Thursday, November 11, 2010

THE ART OF PROGRAMMING (1/28/2011)

I have wanted to experience a live performance by pianist Gilbert Kalish for years and was thrilled to discover that he would be performing with cellist Timothy Eddy at Mannes.  I suspected that it would be an interesting program and was not disappointed. First of all, it was clear that the performance would be a true duo and not cello with accompaniment.  The grand piano lid was fully open and Kalish, although ever sensitive to his partner, never held back or underplayed.

There was almost no standard fare here.  First on the program was Kultaselle: 10 Short Variations on a Finnish Folksong by Busoni.  This dark, intense work, only occasionally interrupted by a few glints of sunlight, set a very serious tone for the program.  This was followed by a performance of the rarely performed Sonata for cello and piano, composed by an 18-year old Henry Cowell under the tutelage of his first important musical mentor Charles Seeger.

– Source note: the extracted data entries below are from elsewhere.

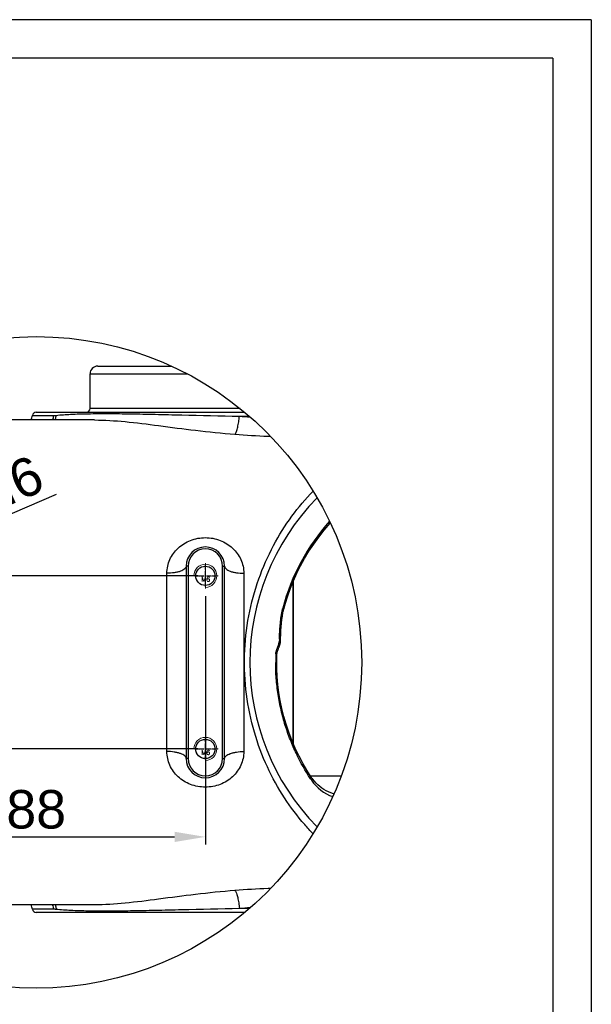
# Model space of a CAD drawing. Header units: millimetres. Extents: x 5876 to 6173, y 1277 to 1697.
# Tile 3 of 3: x 6025 to 6173, y 1441 to 1697. Entities that reach past the tile are written whole.
import ezdxf
from ezdxf.enums import TextEntityAlignment as Align

# ---------------------------------------------------------------- set-up
doc = ezdxf.new("R2010")
doc.units = ezdxf.units.MM
doc.linetypes.add('CENTER', pattern=[0.6, 0.375, -0.075, 0.075, -0.075])
for name, color, linetype in [('2细线层', 4, 'Continuous'), ('6文字层', 3, 'Continuous'), ('图框层', 7, 'Continuous')]:
    doc.layers.add(name, color=color, linetype=linetype)
doc.layers.add('dim', color=84, linetype='Continuous', lineweight=9)
doc.layers.add('screw', color=33, linetype='Continuous', lineweight=13)
doc.styles.get("Standard").update_dxf_attribs({"font": 'arial.ttf'})
doc.styles.add('TH_GBDIM', font='romans.shx', dxfattribs={"width": 0.8, "bigfont": 'gbcbig.shx'})
doc.styles.add('TXT', font='txt.shx', dxfattribs={"bigfont": 'chineset.shx'})
doc.dimstyles.new('ISO-25', dxfattribs={"dimtxt": 2.5, "dimasz": 2.5, "dimexe": 1.25, "dimexo": 0.625, "dimtad": 1, "dimtxsty": 'Standard', "dimcen": 2.5, "dimadec": 0, "dimazin": 0, "dimtfac": 1, "dimtmove": 0, "dimatfit": 3, "dimfxl": 1, "dimarcsym": 0})

# ---------------------------------------------------------------- blocks, each defined once
blk = doc.blocks.new('screw_m6_l')
at = {"layer": 'screw', "color": 1, "linetype": 'CENTER', "ltscale": 3.048}
for p, q in [((0, -3.3), (0, 3.3)), ((-3.3, 0), (3.3, 0))]:
    blk.add_line(p, q, dxfattribs=at)
at = {"layer": 'screw', "color": 33}
blk.add_circle((0, 0), 2.5, dxfattribs=at)
at = {"layer": 'screw', "color": 92}
blk.add_arc((0, 0), 3, 270, 180, dxfattribs=at)
at = {"layer": 'screw', "color": 6, "style": 'TXT'}
blk.add_text('M6', height=1.2, dxfattribs=at).set_placement((-1.02, -1.5))
blk = doc.blocks.new('*D2')
at = {"layer": 'Defpoints', "color": 0, "transparency": 16777216}
for p in [(6073.07, 1552.33), (5963.61, 1507.33), (6073.07, 1507.33)]:
    blk.add_point(p, dxfattribs=at)
at = {"layer": 'dim', "color": 0, "lineweight": -2, "transparency": 16777216}
for p, q in [((6071.07, 1552.33), (5961.61, 1552.33)), ((5963.61, 1544.33), (5963.61, 1515.33)), ((6071.07, 1507.33), (5961.61, 1507.33))]:
    blk.add_line(p, q, dxfattribs=at)
at = {"layer": 'dim', "color": 0, "transparency": 16777216}
for points in [[(5962.27, 1544.33), (5964.94, 1544.33), (5963.61, 1552.33)], [(5962.27, 1515.33), (5964.94, 1515.33), (5963.61, 1507.33)]]:
    blk.add_solid(points, dxfattribs=at)
at = {"layer": 'dim', "color": 0, "transparency": 16777216, "insert": (5956.52, 1529.83), "char_height": 10, "attachment_point": 5, "rotation": 90}
blk.add_mtext('45', dxfattribs=at)
blk = doc.blocks.new('*D3')
at = {"layer": 'Defpoints', "color": 0, "transparency": 16777216}
for p in [(5985.07, 1549.03), (6073.07, 1549.03), (6073.07, 1484.48)]:
    blk.add_point(p, dxfattribs=at)
at = {"layer": 'dim', "color": 0, "lineweight": -2, "transparency": 16777216}
for p, q in [((5985.07, 1547.03), (5985.07, 1482.48)), ((6073.07, 1547.03), (6073.07, 1482.48)), ((5993.07, 1484.48), (6065.07, 1484.48))]:
    blk.add_line(p, q, dxfattribs=at)
at = {"layer": 'dim', "color": 0, "transparency": 16777216}
for points in [[(5993.07, 1485.81), (5993.07, 1483.14), (5985.07, 1484.48)], [(6065.07, 1485.81), (6065.07, 1483.14), (6073.07, 1484.48)]]:
    blk.add_solid(points, dxfattribs=at)
at = {"layer": 'dim', "color": 0, "transparency": 16777216, "insert": (6029.07, 1491.58), "char_height": 10, "attachment_point": 5}
blk.add_mtext('88', dxfattribs=at)
blk = doc.blocks.new('*D4')
at = {"layer": 'Defpoints', "color": 0, "transparency": 16777216}
for p in [(5987.37, 1553.31), (5982.78, 1551.34)]:
    blk.add_point(p, dxfattribs=at)
at = {"layer": 'dim', "color": 0, "lineweight": -2, "transparency": 16777216}
for p, q in [((6034.23, 1573.46), (5994.72, 1556.47)), ((5982.78, 1551.34), (5987.37, 1553.31)), ((5975.43, 1548.18), (5968.08, 1545.02))]:
    blk.add_line(p, q, dxfattribs=at)
at = {"layer": 'dim', "color": 0, "transparency": 16777216}
for points in [[(5994.19, 1557.7), (5995.25, 1555.25), (5987.37, 1553.31)], [(5974.9, 1549.41), (5975.95, 1546.96), (5982.78, 1551.34)]]:
    blk.add_solid(points, dxfattribs=at)
at = {"layer": 'dim', "color": 0, "transparency": 16777216, "insert": (6015.34, 1573.07), "char_height": 10, "attachment_point": 5, "rotation": 23.2591}
blk.add_mtext('4-M6', dxfattribs=at)
blk = doc.blocks.new('A3纵')
at = {"layer": '2细线层'}
for q in [(-287, 410), (10, -10)]:
    blk.add_line((10, 410), q, dxfattribs=at)
at = {"layer": '图框层'}
for q in [(-277, 400), (0, 0)]:
    blk.add_line((0, 400), q, dxfattribs=at)
at = {"layer": '6文字层', "style": 'TH_GBDIM', "width": 0.8, "flags": 8}
for tag, height, p in [('材料', 3.5, (-90, 34.96)), ('设计', 3.5, (-160.16, 21.88)), ('AAAA-A-AA', 2, (-128.37, 21.88)), ('名称', 3.5, (-30, 20.97)), ('A', 3.5, (-105, 10)), ('1：1', 3.5, (-67.5, 10)), ('编号', 3.5, (-30, 5.05))]:
    blk.add_attdef(tag, text='', height=height, dxfattribs=at).set_placement(p, align=Align.MIDDLE)

msp = doc.modelspace()

# ---------------------------------------------------------------- linework, layer by layer
at = {"color": 7, "linetype": 'Continuous'}
for p, q in [((6043.072, 1595.827), (6043.072, 1604.827)), ((6043.072, 1604.827), (6068.346, 1604.827)), ((6045.072, 1606.827), (6064.263, 1606.827)), ((6029.072, 1594.827), (6083.316, 1594.827)), ((6082.095, 1595.827), (6043.072, 1595.827)), ((6044.241, 1592.827), (5975.072, 1592.827)), ((6028.086, 1593.993), (6033.656, 1593.993)), ((6081.928, 1593.827), (6084.493, 1593.827)), ((6068.072, 1554.827), (6068.072, 1504.827)), ((6068.572, 1554.827), (6068.072, 1554.827)), ((6068.572, 1554.827), (6068.572, 1504.827)), ((6077.572, 1504.827), (6077.572, 1554.827)), ((6077.572, 1554.827), (6078.072, 1554.827)), ((6078.072, 1504.827), (6078.072, 1554.827)), ((6063.072, 1506.665), (6063.072, 1552.988)), ((6083.072, 1552.988), (6083.072, 1506.665)), ((6095.895, 1550.795), (6095.895, 1508.873)), ((6095.802, 1550.564), (6095.802, 1509.092)), ((6093.058, 1543.288), (6093.073, 1543.364)), ((6093.331, 1543.088), (6093.384, 1543.35)), ((6092.624, 1535.432), (6092.642, 1536.044)), ((6091.939, 1533.008), (6091.969, 1533.089)), ((6091.969, 1533.089), (6092, 1533.171)), ((6092, 1533.171), (6092.032, 1533.253)), ((6092.032, 1533.253), (6092.081, 1533.379)), ((6092.081, 1533.379), (6092.202, 1533.681)), ((6092.202, 1533.681), (6092.237, 1533.77)), ((6092.237, 1533.77), (6092.271, 1533.861)), ((6091.36, 1529.827), (6091.653, 1529.827)), ((6068.572, 1504.827), (6068.072, 1504.827)), ((6077.572, 1504.827), (6078.072, 1504.827)), ((6100.432, 1500.327), (6108.427, 1500.327)), ((6044.237, 1466.827), (5975.072, 1466.827)), ((6033.656, 1465.66), (6028.086, 1465.66)), ((6083.316, 1464.827), (6029.072, 1464.827)), ((6084.493, 1465.827), (6081.928, 1465.827))]:
    msp.add_line(p, q, dxfattribs=at)
at = {"color": 1, "linetype": 'CENTER', "ltscale": 2.54}
for p, q in [((6073.072, 1549.577), (6073.072, 1555.077)), ((6070.322, 1552.327), (6075.822, 1552.327)), ((6073.072, 1504.577), (6073.072, 1510.077)), ((6070.322, 1507.327), (6075.822, 1507.327))]:
    msp.add_line(p, q, dxfattribs=at)
at = {"color": 7, "linetype": 'Continuous'}
for points in [[(6093.462, 1543.689), (6093.889, 1545.205), (6094.509, 1547.158), (6095.214, 1549.111), (6096, 1551.055), (6096.872, 1552.988), (6097.832, 1554.911), (6098.883, 1556.819), (6100.023, 1558.705), (6101.259, 1560.571), (6102.59, 1562.409), (6104.016, 1564.213), (6105.544, 1565.983), (6105.597, 1566.039)], [(6092.642, 1536.044), (6092.683, 1537.089), (6092.738, 1538.103), (6092.806, 1539.083), (6092.89, 1540.031), (6092.991, 1540.947), (6093.111, 1541.831), (6093.251, 1542.676), (6093.331, 1543.088)], [(6093.384, 1543.35), (6093.407, 1543.458), (6093.419, 1543.51), (6093.431, 1543.56), (6093.442, 1543.61), (6093.454, 1543.657), (6093.462, 1543.689)], [(6092.271, 1533.861), (6092.289, 1533.907), (6092.306, 1533.954), (6092.323, 1534.001), (6092.34, 1534.048), (6092.357, 1534.096), (6092.373, 1534.144), (6092.389, 1534.193), (6092.405, 1534.241), (6092.421, 1534.291), (6092.436, 1534.34), (6092.451, 1534.39), (6092.466, 1534.44), (6092.48, 1534.491), (6092.493, 1534.542), (6092.507, 1534.593), (6092.519, 1534.646), (6092.531, 1534.698), (6092.543, 1534.751), (6092.554, 1534.805), (6092.564, 1534.86), (6092.574, 1534.915), (6092.583, 1534.97), (6092.591, 1535.027), (6092.598, 1535.084), (6092.605, 1535.141), (6092.611, 1535.199), (6092.615, 1535.257), (6092.619, 1535.315), (6092.622, 1535.373), (6092.624, 1535.432)], [(6091.698, 1532.033), (6091.699, 1532.05), (6091.701, 1532.082), (6091.704, 1532.115), (6091.707, 1532.149), (6091.712, 1532.184), (6091.717, 1532.218), (6091.723, 1532.253), (6091.729, 1532.288), (6091.736, 1532.324), (6091.743, 1532.359), (6091.751, 1532.395), (6091.759, 1532.431), (6091.768, 1532.467), (6091.777, 1532.504), (6091.787, 1532.541), (6091.798, 1532.579), (6091.808, 1532.617), (6091.82, 1532.655), (6091.831, 1532.693), (6091.844, 1532.732), (6091.856, 1532.771), (6091.869, 1532.81), (6091.882, 1532.849), (6091.896, 1532.888), (6091.91, 1532.928), (6091.924, 1532.968), (6091.939, 1533.008)], [(6091.653, 1529.827), (6091.653, 1530.051), (6091.656, 1530.395), (6091.66, 1530.738), (6091.667, 1531.082), (6091.676, 1531.426), (6091.688, 1531.769), (6091.698, 1532.033)], [(6100.798, 1499.759), (6099.738, 1501.404), (6098.54, 1503.437), (6097.449, 1505.487), (6096.465, 1507.543), (6095.582, 1509.604), (6094.797, 1511.67), (6094.105, 1513.739), (6093.505, 1515.804), (6092.993, 1517.871), (6092.566, 1519.937), (6092.223, 1521.997), (6091.962, 1524.059), (6091.78, 1526.123), (6091.678, 1528.182), (6091.653, 1529.827)], [(6106.535, 1495.667), (6106.402, 1495.699), (6105.731, 1495.913), (6105.091, 1496.168), (6104.481, 1496.46), (6103.904, 1496.786), (6103.353, 1497.146), (6102.831, 1497.54), (6102.338, 1497.964), (6101.87, 1498.424), (6101.427, 1498.92), (6101.014, 1499.45), (6100.798, 1499.758)]]:
    msp.add_lwpolyline(points, dxfattribs=at)
msp.add_circle((6029.072, 1529.827), 84.661)
for centre in [(6073.072, 1552.327), (6073.072, 1507.327)]:
    msp.add_circle(centre, 2.5, dxfattribs=at)
for centre, radius, start, end in [((6045.072, 1604.827), 2, 90, 180), ((6029.072, 1593.827), 1, 90, 170.40593), ((6042.072, 1595.827), 1, 270, 0), ((6023.156, 1594.827), 5, 336.39627, 350.40593), ((6028.368, 1594.816), 5.352, 338.153, 351.1559), ((6145.652, 1529.826), 60.999, 135.5004, 224.49859), ((6146.358, 1529.828), 54.998, 138.17439, 165.12462), ((6073.072, 1554.827), 5, 0, 180), ((6073.072, 1554.827), 4.5, 0, 180), ((6113.348, 1539.135), 20.711, 168.4316, 168.84111), ((6126.21, 1536.652), 33.809, 168.16459, 168.55042), ((6097.796, 1542.727), 4.752, 165.13816, 166.01448), ((6189.198, 1532.918), 96.899, 178.27567, 178.49775), ((6091.757, 1524.464), 11.01, 86.58221, 87.00937), ((6146.366, 1529.827), 55.006, 177.65882, 179.99988), ((6073.072, 1504.827), 5, 180, 0), ((6073.072, 1504.827), 4.5, 180, 0), ((6153.432, 1534.159), 63.287, 213.16562, 213.52896), ((6109.812, 1505.327), 11, 213.83604, 250.8738), ((6023.156, 1464.827), 5, 9.59407, 23.60373), ((6028.368, 1464.837), 5.352, 8.8441, 21.847), ((6029.072, 1465.827), 1, 189.59407, 270)]:
    msp.add_arc(centre, radius, start, end, dxfattribs=at)
for points, knots in [([(6034.247, 1594.028), (6035.503, 1594.168), (6038.282, 1594.353), (6042.804, 1594.481), (6048.009, 1594.506), (6053.826, 1594.443), (6060.203, 1594.307), (6069.632, 1594.067), (6076.931, 1593.903), (6081.928, 1593.827)], [0, 0, 0, 0, 0.0794795, 0.1750009, 0.2845314, 0.4067697, 0.5408633, 0.6856746, 1, 1, 1, 1]), ([(6033.656, 1593.993), (6033.704, 1593.993), (6033.901, 1593.996), (6034.099, 1594.011), (6034.247, 1594.028)], [0, 0, 0, 0, 0.2432861, 1, 1, 1, 1]), ([(6033.999, 1592.824), (6034.033, 1592.92), (6034.155, 1593.312), (6034.224, 1593.72), (6034.247, 1594.028)], [0, 0, 0, 0, 0.2468974, 1, 1, 1, 1]), ([(6044.241, 1592.827), (6046.891, 1592.827), (6052.471, 1592.47), (6061.203, 1591.332), (6070.715, 1590.065), (6077.348, 1589.391), (6080.775, 1589.121)], [0, 0, 0, 0, 0.2164007, 0.4557185, 0.7192091, 1, 1, 1, 1]), ([(6080.775, 1589.121), (6080.847, 1589.217), (6080.984, 1589.453), (6081.244, 1590.053), (6081.521, 1591.017), (6081.776, 1592.351), (6081.888, 1593.32), (6081.928, 1593.827)], [0, 0, 0, 0, 0.07382, 0.1663706, 0.4015258, 0.6877036, 1, 1, 1, 1]), ([(6080.775, 1589.121), (6083.635, 1588.895), (6086.722, 1588.704), (6089.812, 1588.58), (6090.035, 1588.571)], [0, 0, 0, 0, 0.24853837, 0.26787929, 0.26787929, 0.26787929, 0.26787929]), ([(6101.08, 1485.304), (6100.34, 1486.07), (6097.649, 1488.999), (6093.392, 1494.631), (6088.926, 1502.702), (6085.539, 1511.761), (6083.496, 1521.58), (6082.999, 1531.781), (6084.101, 1541.89), (6086.687, 1551.456), (6090.518, 1560.155), (6095.323, 1567.815), (6099.099, 1572.301), (6101.08, 1574.349)], [0.09187408, 0.09187408, 0.09187408, 0.09187408, 0.11432748, 0.1756749, 0.24030304, 0.30823233, 0.37890153, 0.4510138, 0.5227721, 0.59250835, 0.65920536, 0.72255669, 0.78257069, 0.78257069, 0.78257069, 0.78257069]), ([(6063.072, 1552.988), (6063.072, 1553.601), (6063.204, 1554.828), (6063.784, 1556.58), (6064.714, 1558.181), (6066.377, 1560.057), (6069.165, 1561.778), (6073.071, 1562.495), (6076.977, 1561.779), (6079.766, 1560.058), (6081.429, 1558.181), (6082.359, 1556.58), (6082.94, 1554.828), (6083.072, 1553.601), (6083.072, 1552.988)], [0, 0, 0, 0, 0.0609711, 0.1215992, 0.1823757, 0.2438288, 0.3696691, 0.4999582, 0.6302756, 0.7561445, 0.8176046, 0.8783859, 0.9390235, 1, 1, 1, 1]), ([(6068.072, 1554.827), (6068.072, 1554.703), (6067.989, 1554.429), (6067.676, 1554.081), (6067.202, 1553.77), (6066.578, 1553.5), (6065.824, 1553.278), (6064.647, 1553.052), (6063.712, 1552.988), (6063.072, 1552.988)], [0, 0, 0, 0, 0.0656771, 0.1448109, 0.2440296, 0.3645934, 0.5046445, 0.6604955, 1, 1, 1, 1]), ([(6078.072, 1554.827), (6078.072, 1554.703), (6078.154, 1554.429), (6078.468, 1554.081), (6078.942, 1553.77), (6079.566, 1553.5), (6080.32, 1553.278), (6081.497, 1553.052), (6082.432, 1552.988), (6083.072, 1552.988)], [0, 0, 0, 0, 0.0656771, 0.1448109, 0.2440297, 0.3645934, 0.5046445, 0.6604955, 1, 1, 1, 1]), ([(6092.342, 1535.833), (6092.379, 1537.062), (6092.47, 1538.903), (6092.724, 1541.34), (6092.911, 1542.547), (6093.029, 1543.143)], [0, 0, 0, 0, 0.5018028, 0.7517451, 1, 1, 1, 1]), ([(6093.331, 1543.088), (6093.334, 1543.104), (6093.312, 1543.147), (6093.22, 1543.217), (6093.127, 1543.26), (6093.058, 1543.288)], [0, 0, 0, 0, 0.1411344, 0.3622836, 1, 1, 1, 1]), ([(6093.462, 1543.689), (6093.475, 1543.736), (6093.372, 1543.854), (6093.271, 1543.91), (6093.203, 1543.946)], [0, 0, 0, 0, 0.382419, 1, 1, 1, 1]), ([(6091.471, 1532.565), (6091.575, 1533.055), (6091.866, 1533.752), (6092.229, 1534.692), (6092.325, 1535.199), (6092.332, 1535.458)], [0, 0, 0, 0, 0.4962886, 0.7427236, 1, 1, 1, 1]), ([(6092.573, 1535.441), (6092.563, 1535.442), (6092.51, 1535.447), (6092.457, 1535.451), (6092.414, 1535.453)], [0, 0, 0, 0, 0.1927863, 1, 1, 1, 1]), ([(6092.624, 1535.432), (6092.624, 1535.436), (6092.598, 1535.436), (6092.586, 1535.44), (6092.573, 1535.441)], [0, 0, 0, 0, 0.2594085, 1, 1, 1, 1]), ([(6091.406, 1532.074), (6091.407, 1532.115), (6091.419, 1532.28), (6091.446, 1532.444), (6091.471, 1532.565)], [0, 0, 0, 0, 0.2534279, 1, 1, 1, 1]), ([(6091.698, 1532.033), (6091.698, 1532.035), (6091.687, 1532.039), (6091.672, 1532.043), (6091.643, 1532.049), (6091.591, 1532.056), (6091.51, 1532.065), (6091.442, 1532.071), (6091.406, 1532.074)], [0, 0, 0, 0, 0.0263002, 0.0888129, 0.1848906, 0.3098624, 0.6267795, 1, 1, 1, 1]), ([(6100.454, 1499.537), (6099.077, 1501.644), (6097.178, 1504.977), (6095.122, 1509.707), (6093.795, 1513.478), (6092.728, 1517.41), (6091.953, 1521.473), (6091.465, 1525.625), (6091.351, 1528.424), (6091.36, 1529.827)], [0, 0, 0, 0, 0.2355096, 0.3574906, 0.4821599, 0.6092151, 0.7382594, 0.8687975, 1, 1, 1, 1]), ([(6068.072, 1504.827), (6068.072, 1504.95), (6067.989, 1505.225), (6067.676, 1505.572), (6067.202, 1505.883), (6066.578, 1506.153), (6065.824, 1506.375), (6064.647, 1506.602), (6063.712, 1506.665), (6063.072, 1506.665)], [0, 0, 0, 0, 0.0656771, 0.1448109, 0.2440297, 0.3645934, 0.5046445, 0.6604955, 1, 1, 1, 1]), ([(6083.072, 1506.665), (6083.072, 1506.052), (6082.94, 1504.826), (6082.36, 1503.073), (6081.43, 1501.473), (6079.767, 1499.596), (6076.979, 1497.875), (6073.073, 1497.159), (6069.167, 1497.875), (6066.378, 1499.595), (6064.715, 1501.472), (6063.785, 1503.073), (6063.204, 1504.826), (6063.072, 1506.052), (6063.072, 1506.665)], [0, 0, 0, 0, 0.060971, 0.121599, 0.1823754, 0.2438284, 0.3696683, 0.4999572, 0.6302748, 0.7561433, 0.8176035, 0.878385, 0.9390231, 1, 1, 1, 1]), ([(6078.072, 1504.827), (6078.072, 1504.95), (6078.154, 1505.225), (6078.468, 1505.572), (6078.942, 1505.883), (6079.566, 1506.153), (6080.32, 1506.375), (6081.497, 1506.602), (6082.432, 1506.665), (6083.072, 1506.665)], [0, 0, 0, 0, 0.0656771, 0.1448109, 0.2440296, 0.3645934, 0.5046445, 0.6604955, 1, 1, 1, 1]), ([(6100.798, 1499.759), (6100.823, 1499.722), (6100.851, 1499.63), (6100.83, 1499.484), (6100.768, 1499.338), (6100.708, 1499.246), (6100.675, 1499.202)], [0, 0, 0, 0, 0.2161335, 0.4563739, 0.722216, 1, 1, 1, 1]), ([(6080.775, 1470.533), (6077.348, 1470.262), (6070.715, 1469.589), (6061.204, 1468.321), (6052.471, 1467.183), (6046.891, 1466.827), (6044.241, 1466.827)], [0, 0, 0, 0, 0.2807788, 0.5442668, 0.7835883, 1, 1, 1, 1]), ([(6090.035, 1471.082), (6089.812, 1471.074), (6086.723, 1470.949), (6083.636, 1470.758), (6080.775, 1470.533)], [0.73212122, 0.73212122, 0.73212122, 0.73212122, 0.75144174, 1, 1, 1, 1]), ([(6080.775, 1470.533), (6080.847, 1470.436), (6080.984, 1470.201), (6081.244, 1469.6), (6081.521, 1468.636), (6081.776, 1467.303), (6081.888, 1466.334), (6081.928, 1465.827)], [0, 0, 0, 0, 0.0738201, 0.1663707, 0.4015259, 0.6877037, 1, 1, 1, 1]), ([(6033.999, 1466.829), (6034.033, 1466.734), (6034.155, 1466.342), (6034.224, 1465.934), (6034.247, 1465.626)], [0, 0, 0, 0, 0.2468974, 1, 1, 1, 1]), ([(6034.247, 1465.626), (6034.197, 1465.631), (6034, 1465.651), (6033.802, 1465.66), (6033.656, 1465.66)], [0, 0, 0, 0, 0.2571365, 1, 1, 1, 1]), ([(6081.928, 1465.827), (6076.931, 1465.751), (6069.633, 1465.586), (6060.204, 1465.346), (6053.827, 1465.211), (6048.009, 1465.147), (6042.805, 1465.172), (6038.282, 1465.3), (6035.503, 1465.485), (6034.247, 1465.626)], [0, 0, 0, 0, 0.3143119, 0.4591212, 0.593215, 0.7154576, 0.824993, 0.9205163, 1, 1, 1, 1])]:
    msp.add_open_spline(points, degree=3, knots=knots, dxfattribs=at)
for points in [[(6081.928, 1593.827), (6082.874, 1593.741), (6083.82, 1593.661), (6084.767, 1593.588)], [(6093.119, 1543.587), (6093.14, 1543.683), (6093.161, 1543.78), (6093.185, 1543.876)], [(6084.767, 1466.065), (6083.82, 1465.993), (6082.874, 1465.913), (6081.928, 1465.827)]]:
    msp.add_open_spline(points, degree=3, dxfattribs=at)

# ---------------------------------------------------------------- block references
at = {"layer": '6文字层'}
msp.add_blockref('A3纵', (6163.473, 1286.86), dxfattribs=at)
at = {"layer": 'screw'}
for p in [(6073.072, 1552.327), (6073.072, 1507.327)]:
    msp.add_blockref('screw_m6_l', p, dxfattribs=at)

# ---------------------------------------------------------------- dimensions: what is measured, and where the dimension line sits
at = {"layer": 'dim'}
dim = msp.add_diameter_dim_2p(p1=(5982.775, 1551.339), p2=(5987.369, 1553.314), text='4-M6', dimstyle='ISO-25', override={"dimtxt": 10, "dimasz": 8, "dimexe": 1.999, "dimexo": 1.999, "dimgap": 1.999}, dxfattribs=at)
dim.commit()
dim.dimension.update_dxf_attribs({"geometry": '*D4', "text_midpoint": (6015.344, 1573.072)})
dim = msp.add_linear_dim(base=(5963.608, 1507.327), p1=(6073.072, 1552.327), p2=(6073.072, 1507.327), angle=90, dimstyle='ISO-25', override={"dimtxt": 10, "dimasz": 8, "dimexe": 1.999, "dimexo": 1.999, "dimgap": 1.999}, dxfattribs=at)
dim.commit()
dim.dimension.update_dxf_attribs({"geometry": '*D2', "text_midpoint": (5956.524, 1529.827)})
dim = msp.add_linear_dim(base=(6073.072, 1484.476), p1=(5985.072, 1549.027), p2=(6073.072, 1549.027), dimstyle='ISO-25', override={"dimtxt": 10, "dimasz": 8, "dimexe": 1.999, "dimexo": 1.999, "dimgap": 1.999}, dxfattribs=at)
dim.commit()
dim.dimension.update_dxf_attribs({"geometry": '*D3', "text_midpoint": (6029.072, 1491.581)})

doc.saveas('drawing.dxf')

A large-scale four-movement sonata, the work nonetheless has the feel of a pastiche despite the obvious attempts at organic and cyclic structure Cowell imposes.  Irish tunes abound, but there is is also the hint of tango in one spot, a quote from Bizet's Carmen, exotic scales, and tone clusters (for which Cowell would become famous, or infamous).  There was an amusing moment in the performance before Eddy and Kalish began the second movement.  Kalish leaned over and said something to Eddy.  Eddy got up and left the stage.  He did announce to the audience that his shoes were squeaking and that it was distracting to Kalish.  So Eddy did what he needed to do to relieve his shoes of their squeak and returned.  I did notice that his demeanor was much more lighthearted from that point on.

The final work on the first half of the program, the Shostakovich Sonata for cello and piano, op.40 was, for me, the high point of the program.  It revealed the maximum artistry of both performers. In this sonata both neoclassical and Russian elements can be found in abundance. The satirical and the serious, the graceful and the grotesque, the refined and the crude bump up against each other.

The second half of the program began with Klid (Silent Woods) by Dvorak, his own transcription of an original work for solo piano.  The interplay between the cello and piano in this poignant work was a joy to experience.  The final work of the evening, Beethoven's Sonata for cello and piano, op. 102 no. 2 contained all the elements of Beethoven's late style.  Elements of surprise, unusual harmonic elements, and mercurial changes in character were all vividly conveyed.  As often occurs in Beethoven, the middle movement, concluding on a dominant, is connected to the final movement, a complex, intricate but also energetic and powerful double fugue.

The rapport exhibited between the performers only comes from extended collaboration over an extended period of time as well as a mutual appreciation of each other's temperament and artistic vision.